> [Supplied records]
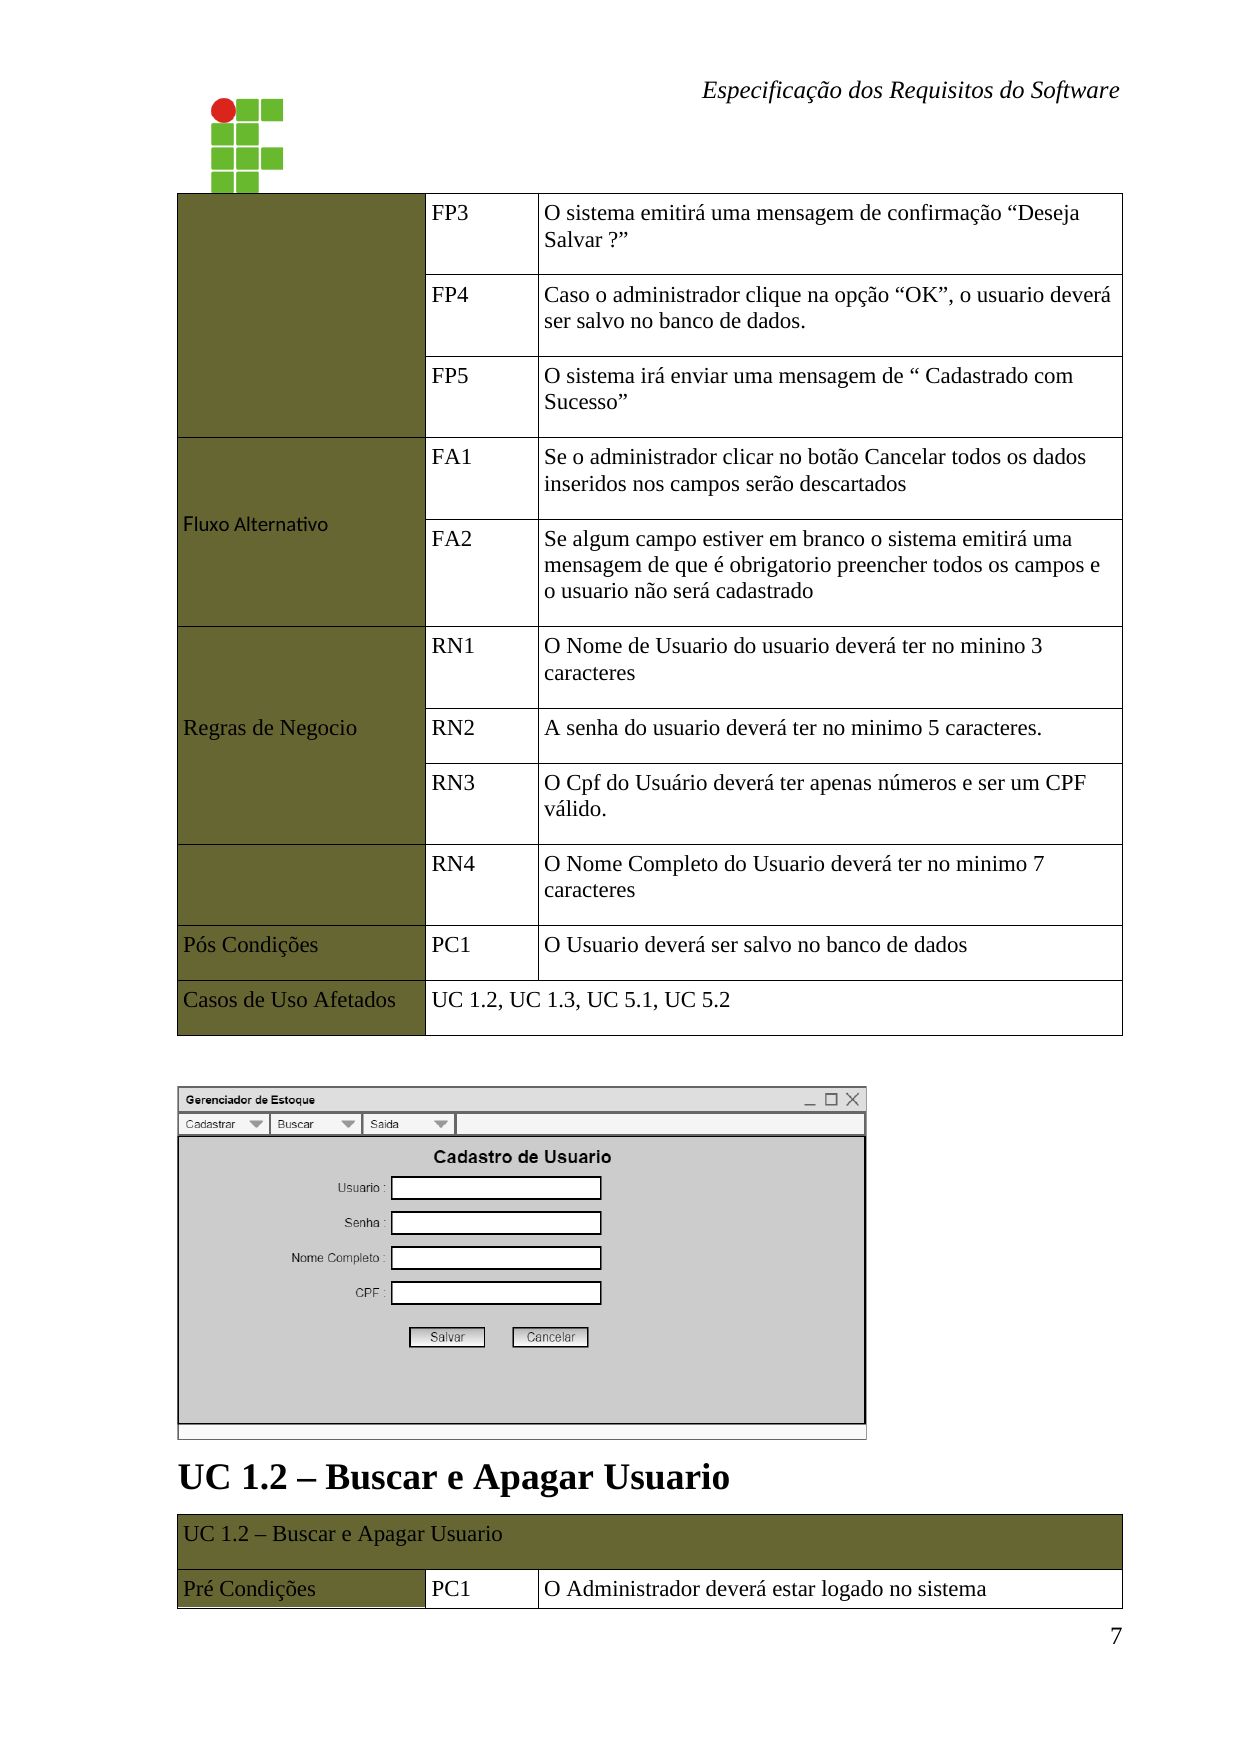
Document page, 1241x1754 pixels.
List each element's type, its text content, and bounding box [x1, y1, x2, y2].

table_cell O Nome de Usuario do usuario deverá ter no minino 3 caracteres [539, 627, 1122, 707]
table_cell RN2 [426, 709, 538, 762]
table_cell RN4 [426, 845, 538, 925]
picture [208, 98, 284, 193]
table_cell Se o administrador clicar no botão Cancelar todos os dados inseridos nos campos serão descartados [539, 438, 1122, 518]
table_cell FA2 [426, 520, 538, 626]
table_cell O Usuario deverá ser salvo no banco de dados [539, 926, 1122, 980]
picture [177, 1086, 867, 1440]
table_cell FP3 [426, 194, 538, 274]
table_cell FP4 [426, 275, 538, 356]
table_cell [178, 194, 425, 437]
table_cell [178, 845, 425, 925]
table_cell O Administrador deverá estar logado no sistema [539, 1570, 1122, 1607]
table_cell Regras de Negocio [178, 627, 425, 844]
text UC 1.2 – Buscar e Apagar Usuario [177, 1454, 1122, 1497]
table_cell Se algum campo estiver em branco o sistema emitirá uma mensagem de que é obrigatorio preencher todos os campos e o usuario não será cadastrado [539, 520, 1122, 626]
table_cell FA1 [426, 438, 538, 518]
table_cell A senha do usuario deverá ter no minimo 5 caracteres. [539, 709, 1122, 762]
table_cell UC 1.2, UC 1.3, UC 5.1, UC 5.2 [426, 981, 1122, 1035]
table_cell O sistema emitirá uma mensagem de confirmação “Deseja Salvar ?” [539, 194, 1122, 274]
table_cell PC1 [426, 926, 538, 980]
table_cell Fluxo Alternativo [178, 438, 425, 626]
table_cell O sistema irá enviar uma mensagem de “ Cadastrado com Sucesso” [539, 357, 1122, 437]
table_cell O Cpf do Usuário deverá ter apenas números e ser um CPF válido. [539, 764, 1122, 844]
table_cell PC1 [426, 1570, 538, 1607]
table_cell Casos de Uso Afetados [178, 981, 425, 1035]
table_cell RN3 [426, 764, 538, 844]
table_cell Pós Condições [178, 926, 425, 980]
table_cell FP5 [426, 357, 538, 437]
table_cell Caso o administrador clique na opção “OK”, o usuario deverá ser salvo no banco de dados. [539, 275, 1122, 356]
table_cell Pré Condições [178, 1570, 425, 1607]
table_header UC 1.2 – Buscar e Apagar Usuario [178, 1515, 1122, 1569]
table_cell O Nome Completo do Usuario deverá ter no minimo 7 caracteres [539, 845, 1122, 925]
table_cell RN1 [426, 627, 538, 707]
==
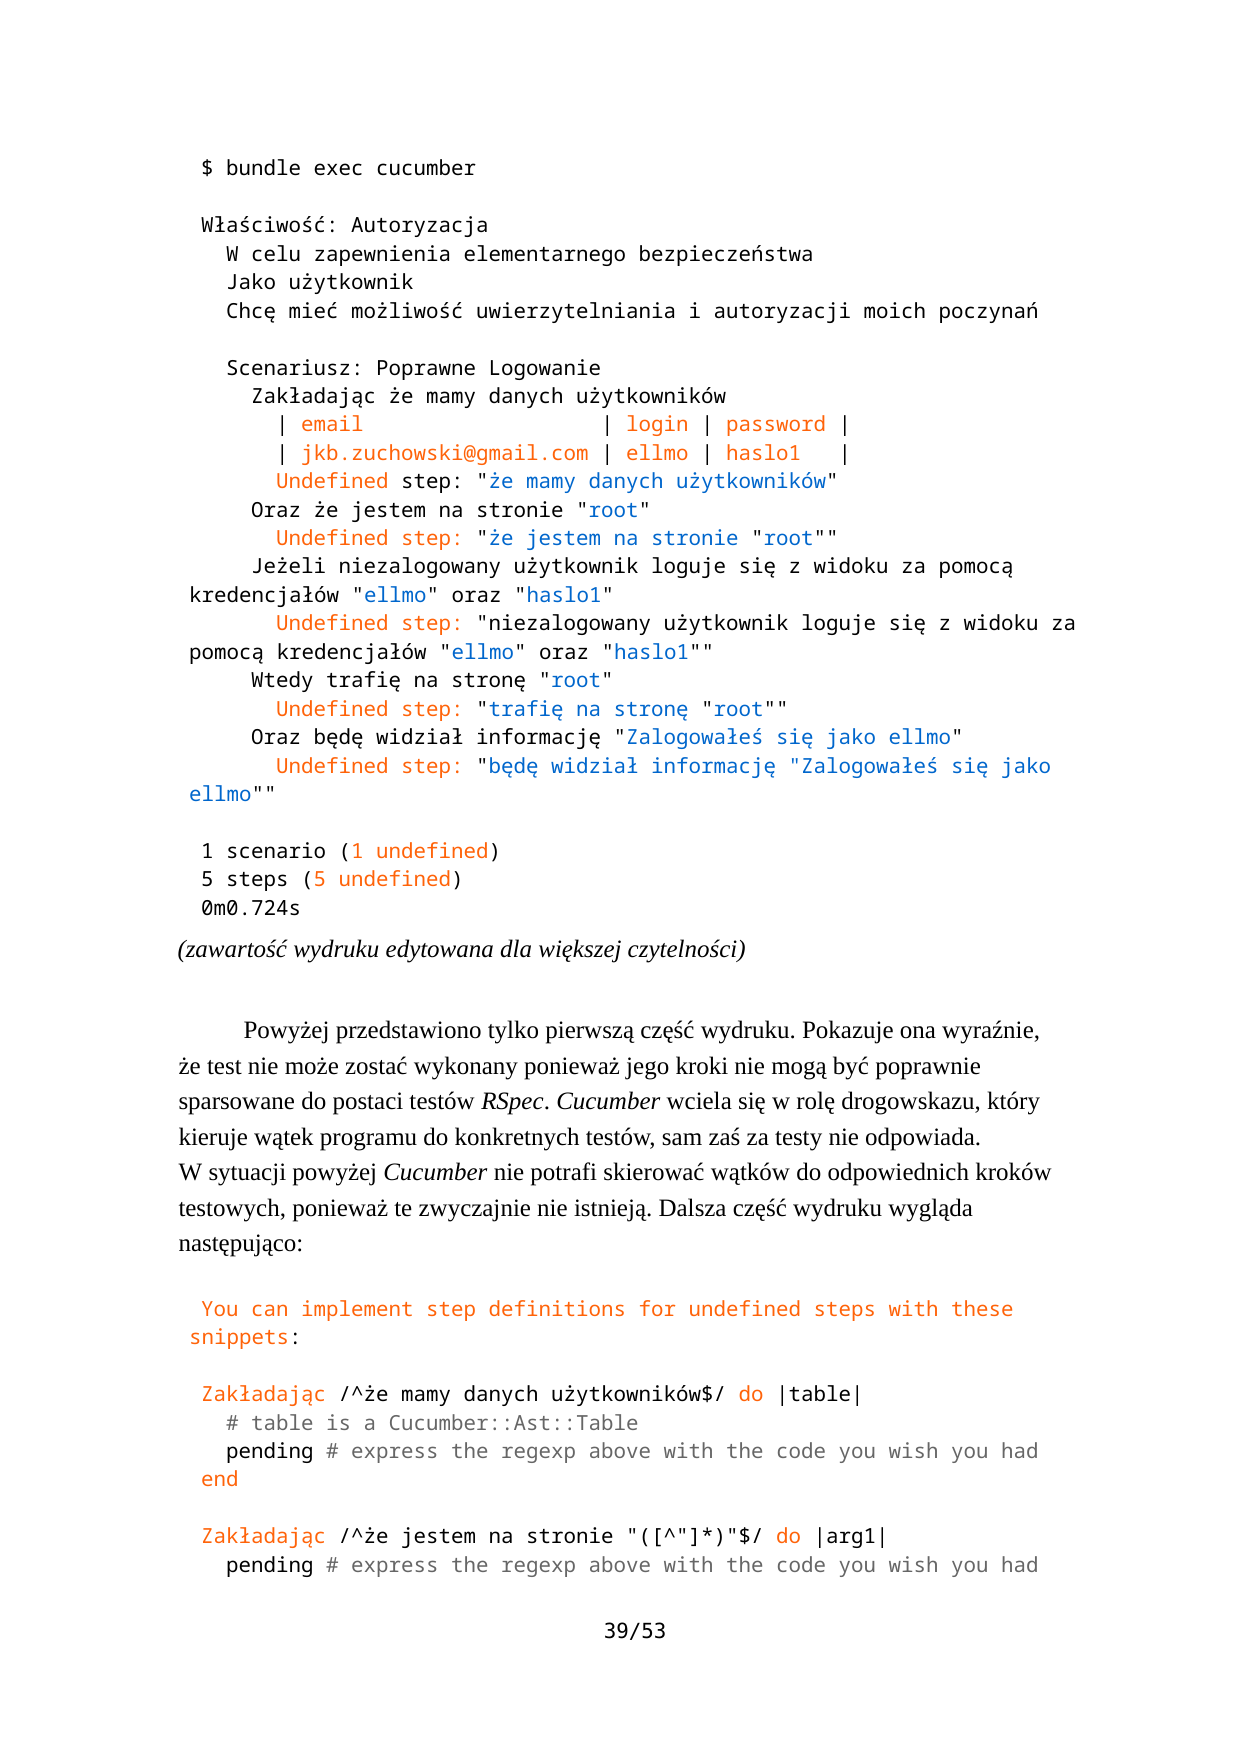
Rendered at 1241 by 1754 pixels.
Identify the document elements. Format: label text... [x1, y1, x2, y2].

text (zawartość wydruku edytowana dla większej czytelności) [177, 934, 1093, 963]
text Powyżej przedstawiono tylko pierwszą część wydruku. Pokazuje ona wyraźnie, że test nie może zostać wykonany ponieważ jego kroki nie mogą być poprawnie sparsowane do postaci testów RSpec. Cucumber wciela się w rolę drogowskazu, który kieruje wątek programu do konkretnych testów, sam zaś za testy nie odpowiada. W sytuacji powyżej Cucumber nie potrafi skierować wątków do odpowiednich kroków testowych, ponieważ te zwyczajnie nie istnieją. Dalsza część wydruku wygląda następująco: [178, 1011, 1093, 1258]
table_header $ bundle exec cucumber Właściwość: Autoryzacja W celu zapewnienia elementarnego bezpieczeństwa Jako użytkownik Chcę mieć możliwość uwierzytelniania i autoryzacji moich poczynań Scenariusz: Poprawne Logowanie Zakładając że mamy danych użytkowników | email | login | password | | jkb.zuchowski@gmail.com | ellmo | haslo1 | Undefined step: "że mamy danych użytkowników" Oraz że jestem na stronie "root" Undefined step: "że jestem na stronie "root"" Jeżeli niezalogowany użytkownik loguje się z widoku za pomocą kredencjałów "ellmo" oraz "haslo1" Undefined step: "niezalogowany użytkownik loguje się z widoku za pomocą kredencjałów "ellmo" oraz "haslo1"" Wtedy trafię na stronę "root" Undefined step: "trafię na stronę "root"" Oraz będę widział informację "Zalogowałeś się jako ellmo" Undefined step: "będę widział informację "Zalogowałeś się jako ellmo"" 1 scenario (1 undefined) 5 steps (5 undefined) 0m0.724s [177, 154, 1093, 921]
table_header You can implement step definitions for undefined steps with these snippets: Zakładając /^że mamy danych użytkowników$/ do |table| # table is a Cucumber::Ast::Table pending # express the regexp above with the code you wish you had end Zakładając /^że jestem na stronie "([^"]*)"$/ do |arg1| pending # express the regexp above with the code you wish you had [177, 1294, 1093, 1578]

> [Work order] Each line in the records that carries "banco" must be copied out.

> [Task answer]
table_cell O Usuario deverá ser salvo no banco de dados [539, 926, 1122, 980]
table_cell Caso o administrador clique na opção “OK”, o usuario deverá ser salvo no banco de dados. [539, 275, 1122, 356]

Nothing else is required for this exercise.